Yes, I know the quarterfinals are over. But it really wouldn’t be a proper sports tournament without an Esquire edition. I may have lost in my family’s World Cup bracket, but this is one I’m pretty confident in. Out of all 32 managers, these are the 8 managers with hands down the best 2022 World Cup style, so choose who you think is advancing to the Semis in this bracket. Go ahead, take a shot. Let’s have it.
Hansi Flick, Germany
Flick’s style is the embodiment of calm, cool, and collected. He rocks the monochrome fit in a sea of blues, with a pair of white sneakers to contrast, keeping professionalism alive up top, with comfort on the bottom. As I said before, his style translates to his coaching.
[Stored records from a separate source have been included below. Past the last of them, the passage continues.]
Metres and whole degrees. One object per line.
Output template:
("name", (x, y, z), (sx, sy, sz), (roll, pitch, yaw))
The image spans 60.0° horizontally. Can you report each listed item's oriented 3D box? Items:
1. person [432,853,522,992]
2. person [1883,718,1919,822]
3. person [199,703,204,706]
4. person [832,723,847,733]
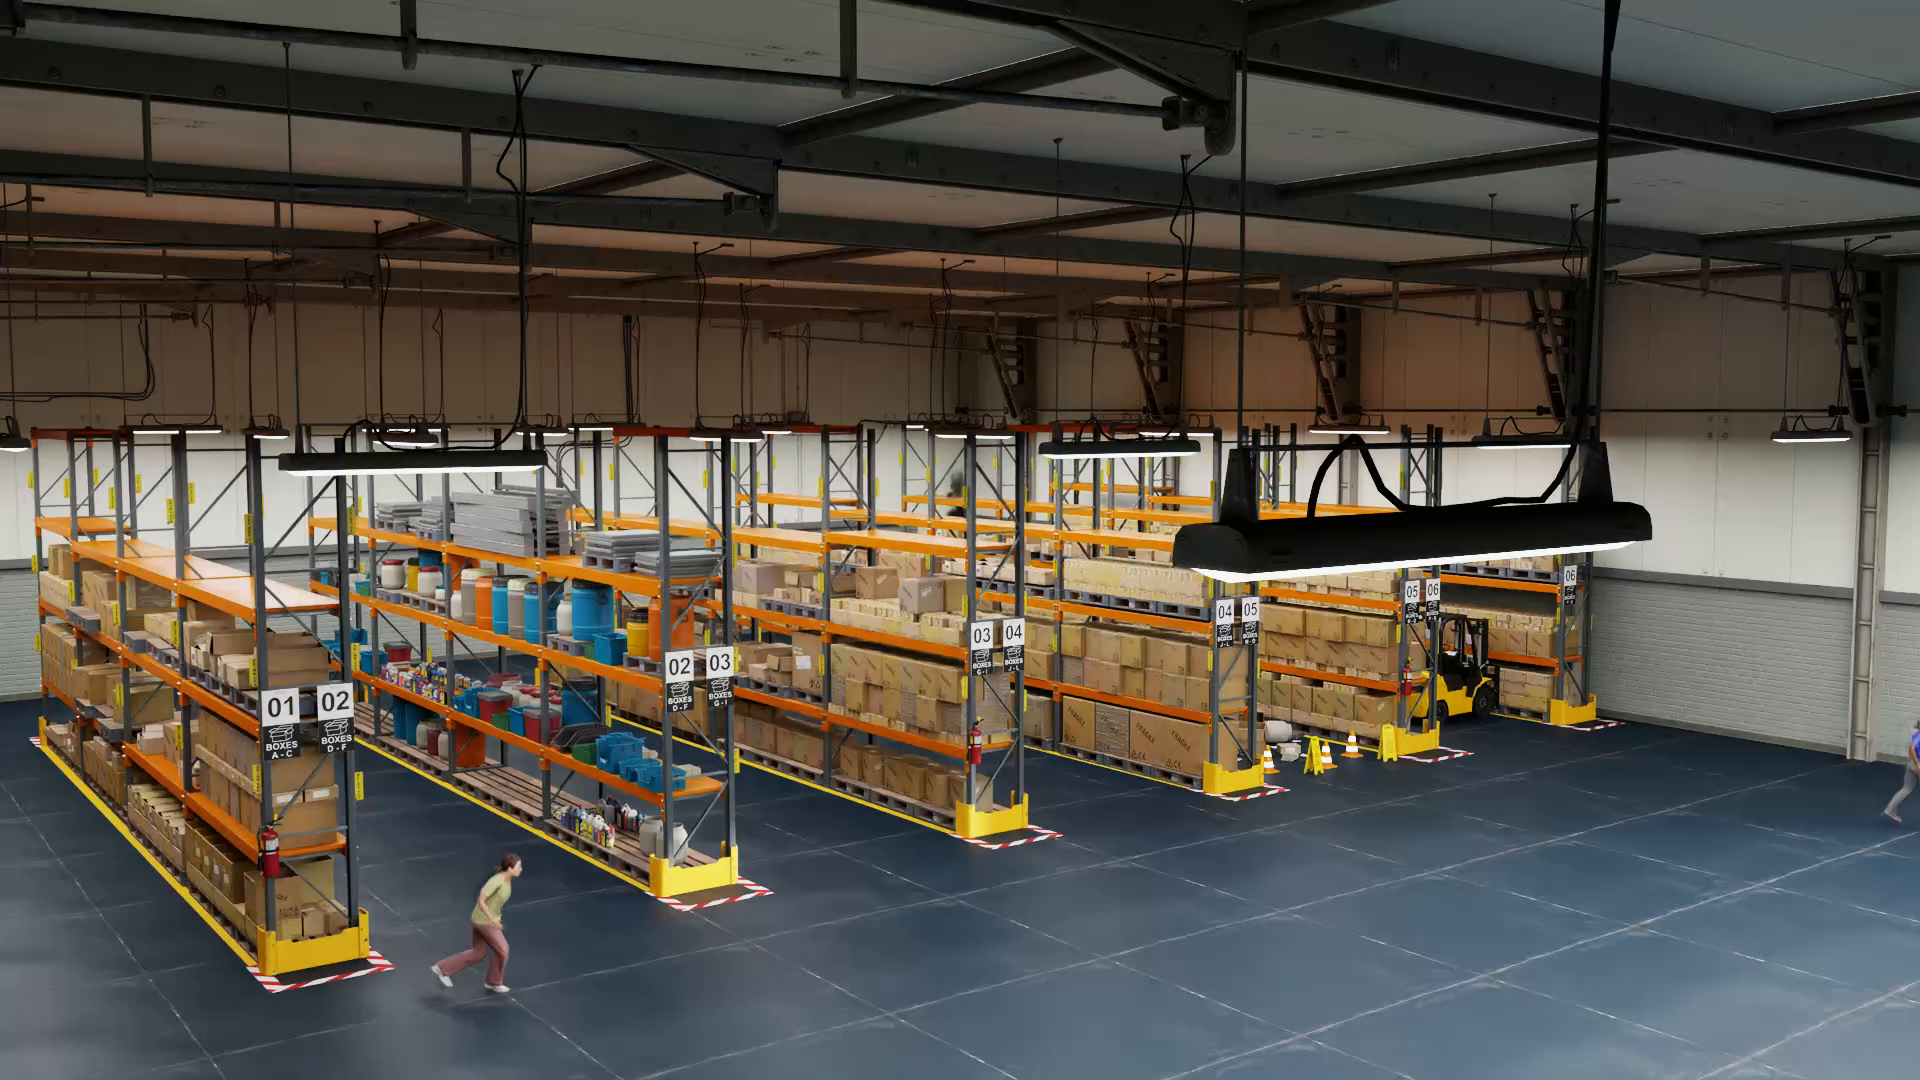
("person", (-5.240, 4.173, 18.061), (0.975, 1.552, 0.576), (0, 4, -3))
("person", (14.494, 3.518, 25.177), (0.863, 1.704, 0.547), (0, 5, 6))
("person", (-13.951, 3.098, 30.968), (0.597, 1.648, 0.602), (4, 6, 43))
("person", (-2.272, 2.987, 31.907), (0.737, 1.756, 0.579), (4, 6, 45))

Flick lets his players shine, blending into the background and giving freedom to his team. The sneakers are a bit off kilter from the rest of the outfit, akin to his asymmetrical attacking shape.
Hajime Moriyasu, Japan
Moriyasu is the definition of smart. From his polished dress shoes to his French cuffs to his three-piece suit, he is undoubtedly one of the sharpest managers out there. It’s no surprise that his coaching style is equally astute, as he wisely leads through learning from others.
Gregg Berhalter, USA
What would you expect from the American coach other than a street style sideline display. I’m not complaining though; this graphic Nike T-shirt and khaki ensemble is paired with Air Jordans. In fact, he donned a different pair of sneakers in each of the U.S. team’s matches, and I’m pretty confident had they continued on, there would not have been any rewearing. It’s similar to his coaching—he wanted the world to see the U.S. as a cutting-edge team, and this shows in his innovative fashion.
Gareth Southgate, England
Ah yes, Sir Southgate, whose style has actually seen its own revolution this year. His iconic three-piece suit and notorious waistcoat have been traded in for a knitted front-zip cream sweater, a tailored navy blazer, and burgundy socks to complete the full flag of colors. He has ditched his tie and done away with the suit in favor of a more informal approach, much like that of his coaching.
Luis Enrique, Spain
Enrique is known for having a frame that flatters anything. He doesn’t care what people think of what he wears (or how he coaches), and he pretty much gets away with wearing anything. Forgoing the suit and the tracksuit boxes, Enrique is a bit of an outlier, occasionally even sporting cargo pants with a tucked-in polo. His World Cup chino and Sambas fit is exactly what men are strutting about the West Village in, and we can’t help but condone this look.
Rigobert Song, Cameroon
This man gives us straight-up rockstar vibes. His coaching style is as entertaining as his clothes; there is a sense of performance about both. A baseball cap and beaded bracelets add his own flair to the fit, and the dress shoes are a clean choice. Qatar Fashion Week’s leading male model right here.
Didier Deschamps, France
Deschamps doesn’t really have to do much, but it doesn’t matter. With a blue oxford under a blue suit jacket, he stays loyal to his team. The defending World Cup champion doesn’t feel the need to be flashy, on or off the field. I’m not speaking for Mbappe and the rest of the French, though.
Aliou Cisse, Senegal
A man that sticks to his principles. Comfort first, there’s still something classy about this groutfit that Cisse pulls out. Maybe it’s the confidence that he wears it with, or the distinguished white Nikes. Whatever it is, he is smashing it. Also, I need this Puma x Senegal National Team collab now.